Using the entries that follow, give the number of lines containing the string "example". Write nothing besides that number.

* **Stored entries**:
++++

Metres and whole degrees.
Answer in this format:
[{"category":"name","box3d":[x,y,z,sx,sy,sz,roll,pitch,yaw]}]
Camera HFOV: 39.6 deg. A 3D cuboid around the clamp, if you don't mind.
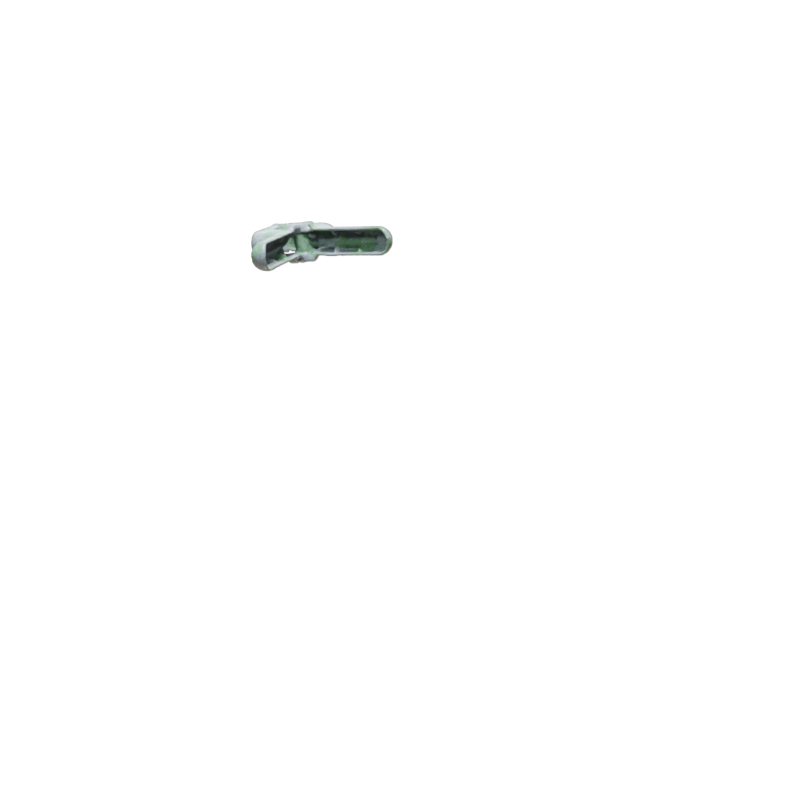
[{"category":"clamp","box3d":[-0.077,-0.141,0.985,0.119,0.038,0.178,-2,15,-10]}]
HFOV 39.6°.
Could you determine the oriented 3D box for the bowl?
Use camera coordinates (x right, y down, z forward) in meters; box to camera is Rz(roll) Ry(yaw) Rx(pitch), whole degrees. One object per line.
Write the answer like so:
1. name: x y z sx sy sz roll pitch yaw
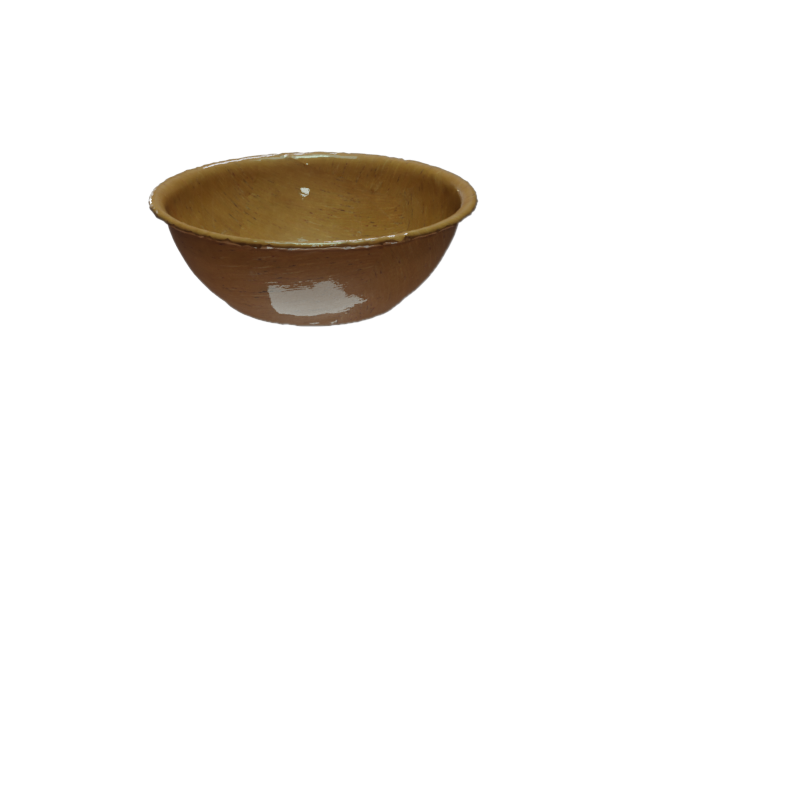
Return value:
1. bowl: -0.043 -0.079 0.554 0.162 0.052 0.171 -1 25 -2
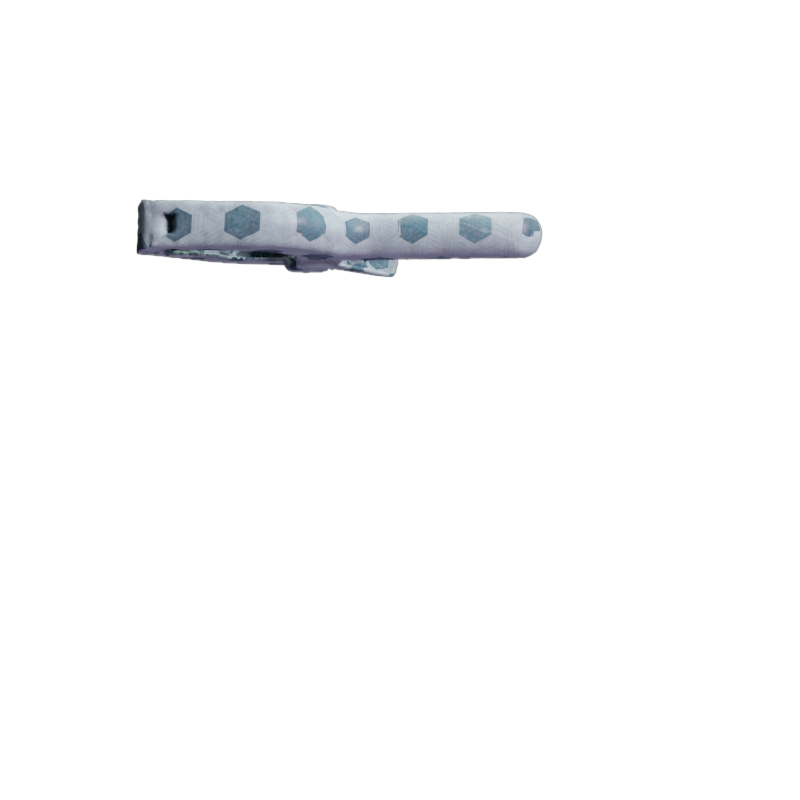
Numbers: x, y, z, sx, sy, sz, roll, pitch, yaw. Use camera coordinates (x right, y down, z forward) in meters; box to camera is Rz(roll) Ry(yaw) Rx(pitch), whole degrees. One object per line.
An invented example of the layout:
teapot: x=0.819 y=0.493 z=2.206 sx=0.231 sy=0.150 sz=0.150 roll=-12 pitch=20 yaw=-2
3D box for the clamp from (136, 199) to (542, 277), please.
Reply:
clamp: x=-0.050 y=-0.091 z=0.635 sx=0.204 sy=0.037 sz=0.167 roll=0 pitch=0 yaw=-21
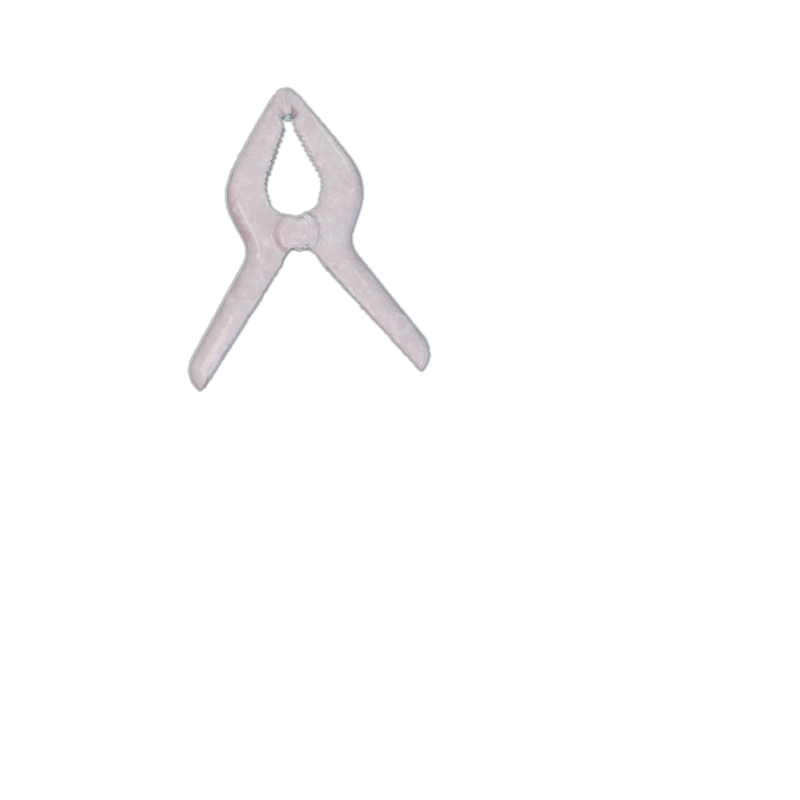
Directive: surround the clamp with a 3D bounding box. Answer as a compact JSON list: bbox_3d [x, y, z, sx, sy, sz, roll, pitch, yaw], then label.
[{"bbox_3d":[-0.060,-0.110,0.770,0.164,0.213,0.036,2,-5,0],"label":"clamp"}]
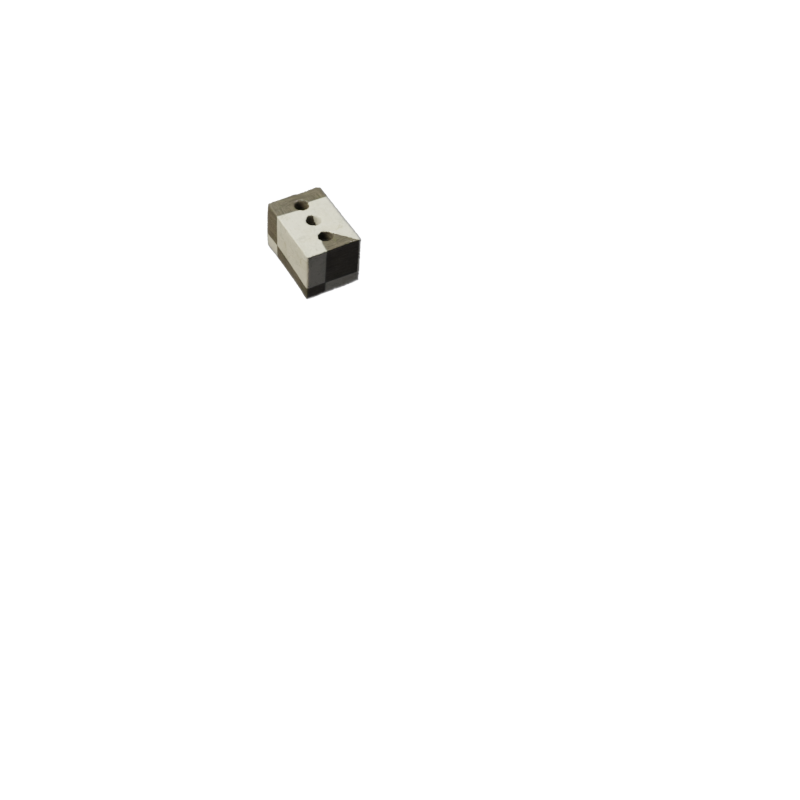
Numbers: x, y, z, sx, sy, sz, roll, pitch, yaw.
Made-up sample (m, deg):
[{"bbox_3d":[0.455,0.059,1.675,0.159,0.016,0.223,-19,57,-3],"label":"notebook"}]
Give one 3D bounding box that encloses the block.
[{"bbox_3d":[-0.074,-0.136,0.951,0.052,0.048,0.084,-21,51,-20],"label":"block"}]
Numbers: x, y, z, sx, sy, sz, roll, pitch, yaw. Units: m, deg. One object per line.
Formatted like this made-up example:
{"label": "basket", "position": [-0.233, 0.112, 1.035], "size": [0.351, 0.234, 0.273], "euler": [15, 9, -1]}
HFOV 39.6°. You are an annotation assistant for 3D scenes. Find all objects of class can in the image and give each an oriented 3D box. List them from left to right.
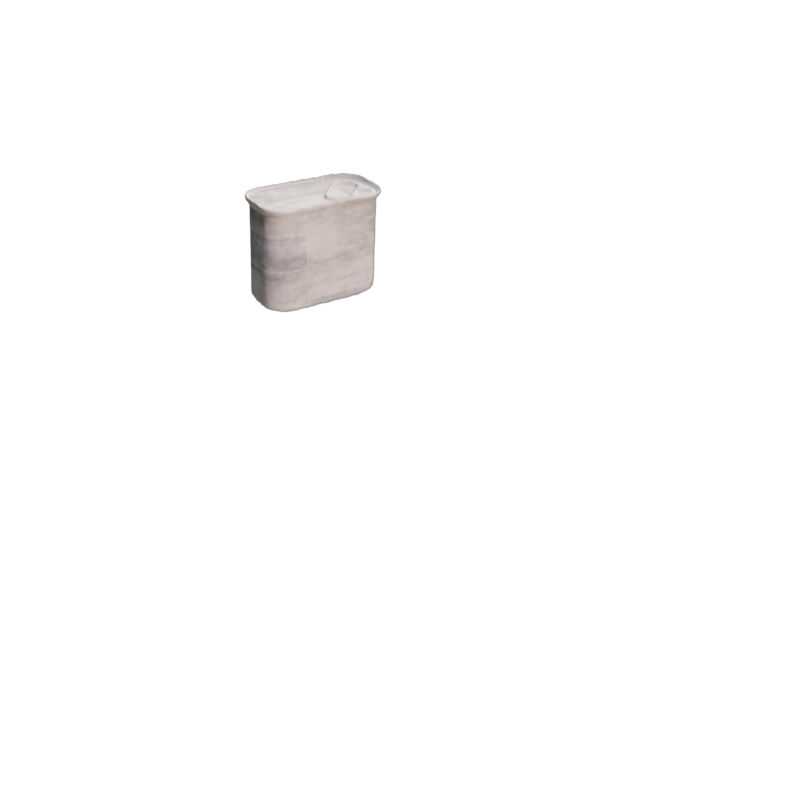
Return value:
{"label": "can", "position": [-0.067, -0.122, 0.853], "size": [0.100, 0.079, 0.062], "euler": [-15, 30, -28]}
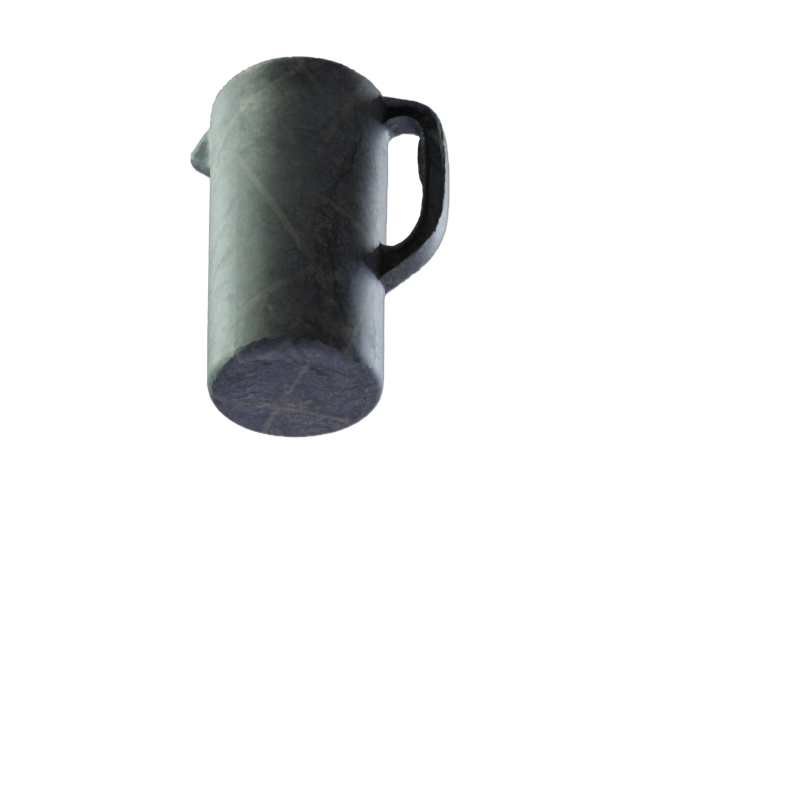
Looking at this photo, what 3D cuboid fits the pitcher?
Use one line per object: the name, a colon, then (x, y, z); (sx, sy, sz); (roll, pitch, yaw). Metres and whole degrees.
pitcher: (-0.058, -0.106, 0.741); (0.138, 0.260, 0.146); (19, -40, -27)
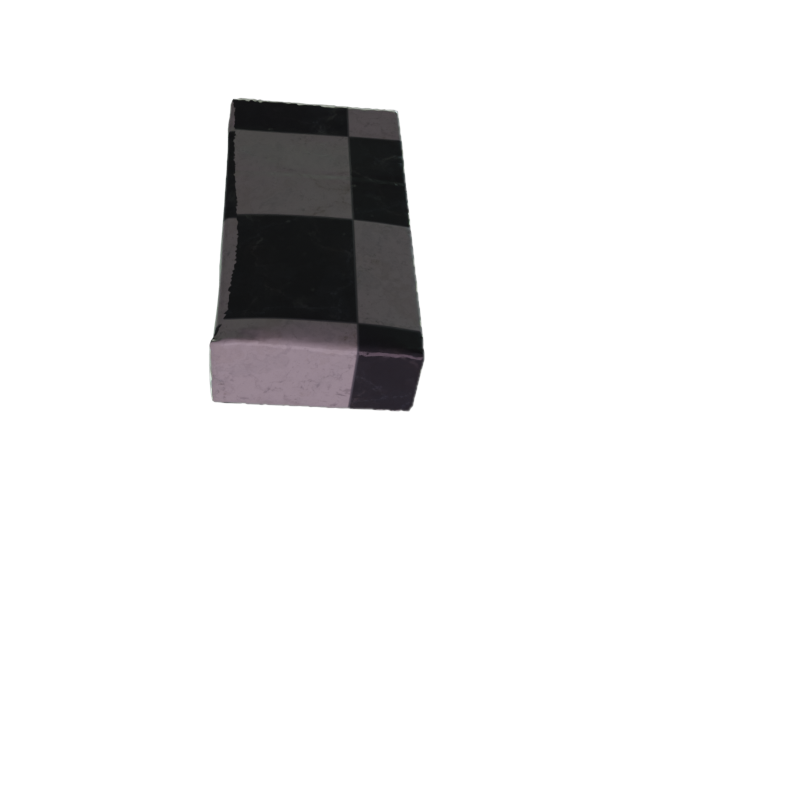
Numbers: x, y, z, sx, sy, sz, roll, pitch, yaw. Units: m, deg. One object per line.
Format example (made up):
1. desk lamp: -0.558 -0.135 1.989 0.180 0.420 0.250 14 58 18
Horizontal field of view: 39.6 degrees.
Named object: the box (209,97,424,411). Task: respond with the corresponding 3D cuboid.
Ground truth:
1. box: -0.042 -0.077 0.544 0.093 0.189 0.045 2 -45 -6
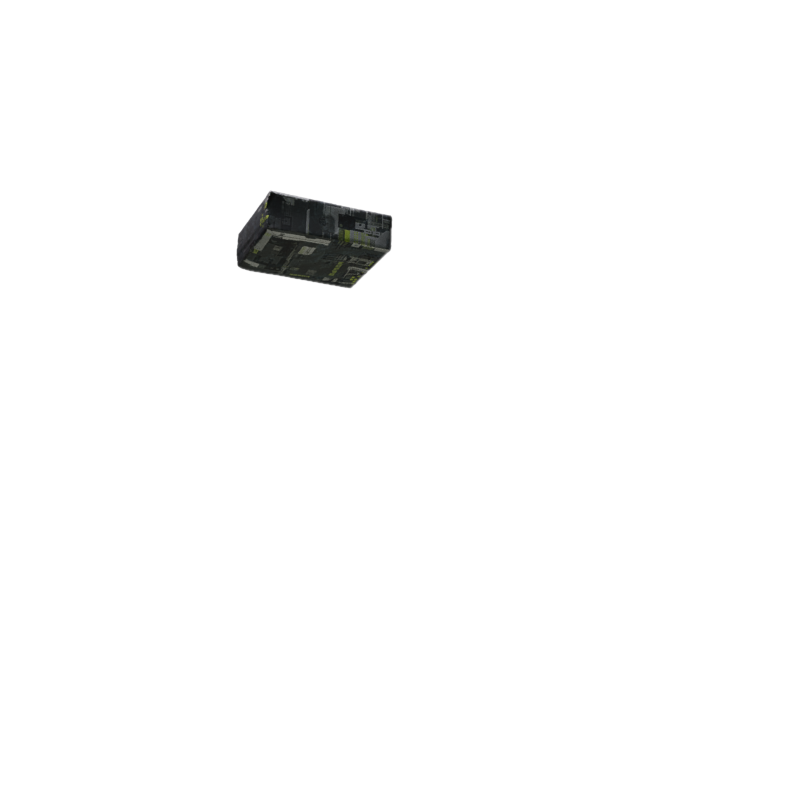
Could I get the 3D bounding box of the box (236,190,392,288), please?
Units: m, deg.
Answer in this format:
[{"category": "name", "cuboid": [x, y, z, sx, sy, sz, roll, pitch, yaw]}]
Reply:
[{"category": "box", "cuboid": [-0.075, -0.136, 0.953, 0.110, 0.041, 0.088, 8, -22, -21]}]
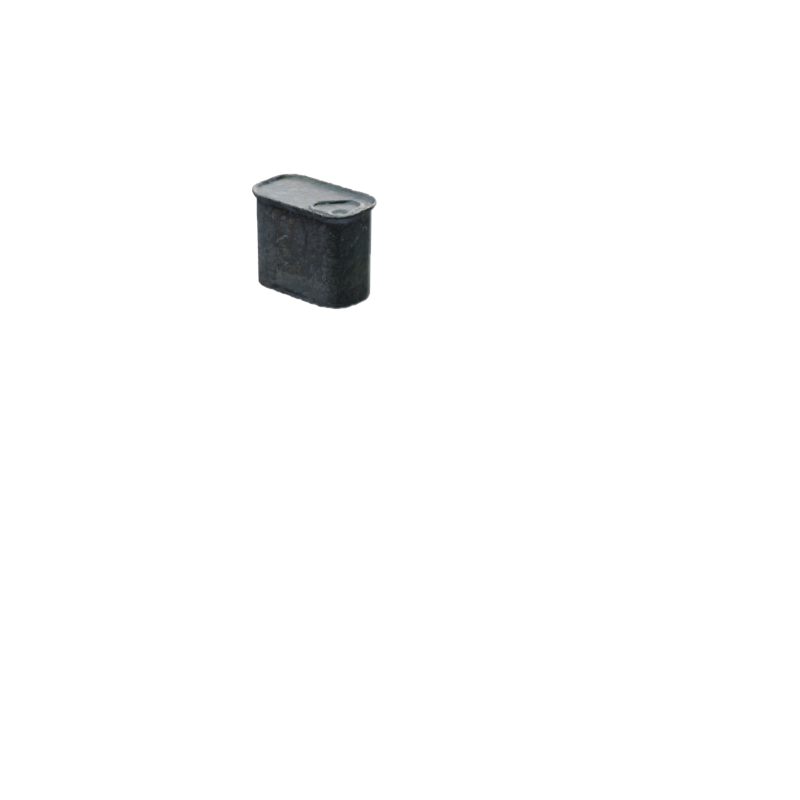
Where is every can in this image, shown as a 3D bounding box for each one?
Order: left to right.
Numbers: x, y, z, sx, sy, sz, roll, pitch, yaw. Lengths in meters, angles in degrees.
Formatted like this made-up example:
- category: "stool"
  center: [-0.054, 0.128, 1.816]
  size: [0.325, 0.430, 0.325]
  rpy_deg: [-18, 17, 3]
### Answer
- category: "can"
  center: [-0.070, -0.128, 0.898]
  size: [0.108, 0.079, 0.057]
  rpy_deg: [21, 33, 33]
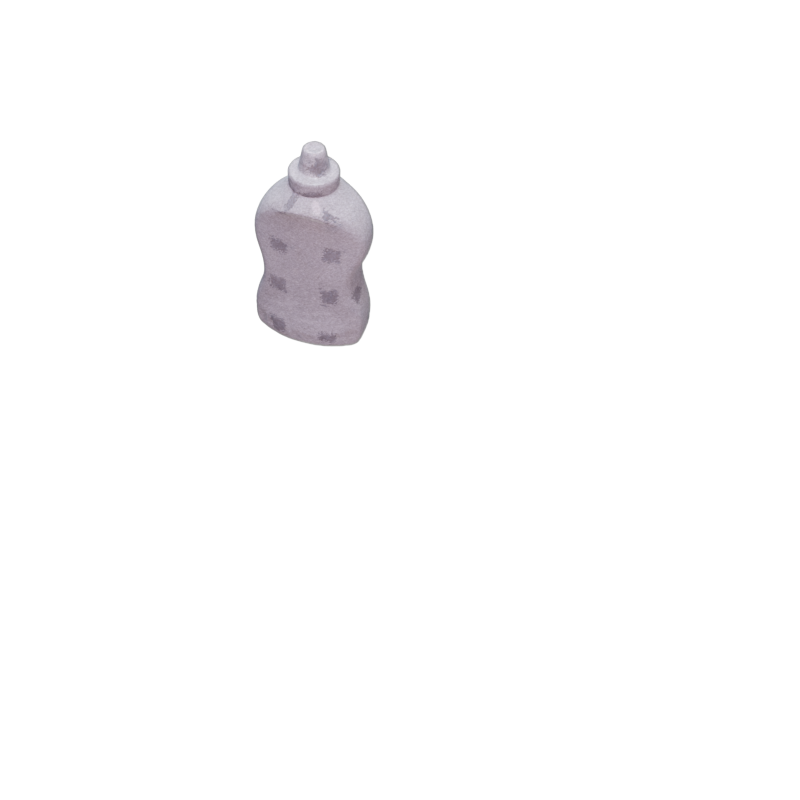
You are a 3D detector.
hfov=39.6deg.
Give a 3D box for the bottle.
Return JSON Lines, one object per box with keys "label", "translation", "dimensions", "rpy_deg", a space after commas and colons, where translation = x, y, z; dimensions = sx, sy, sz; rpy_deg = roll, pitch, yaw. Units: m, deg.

++++

* **SOLUTION TO THE PROBLEM**:
4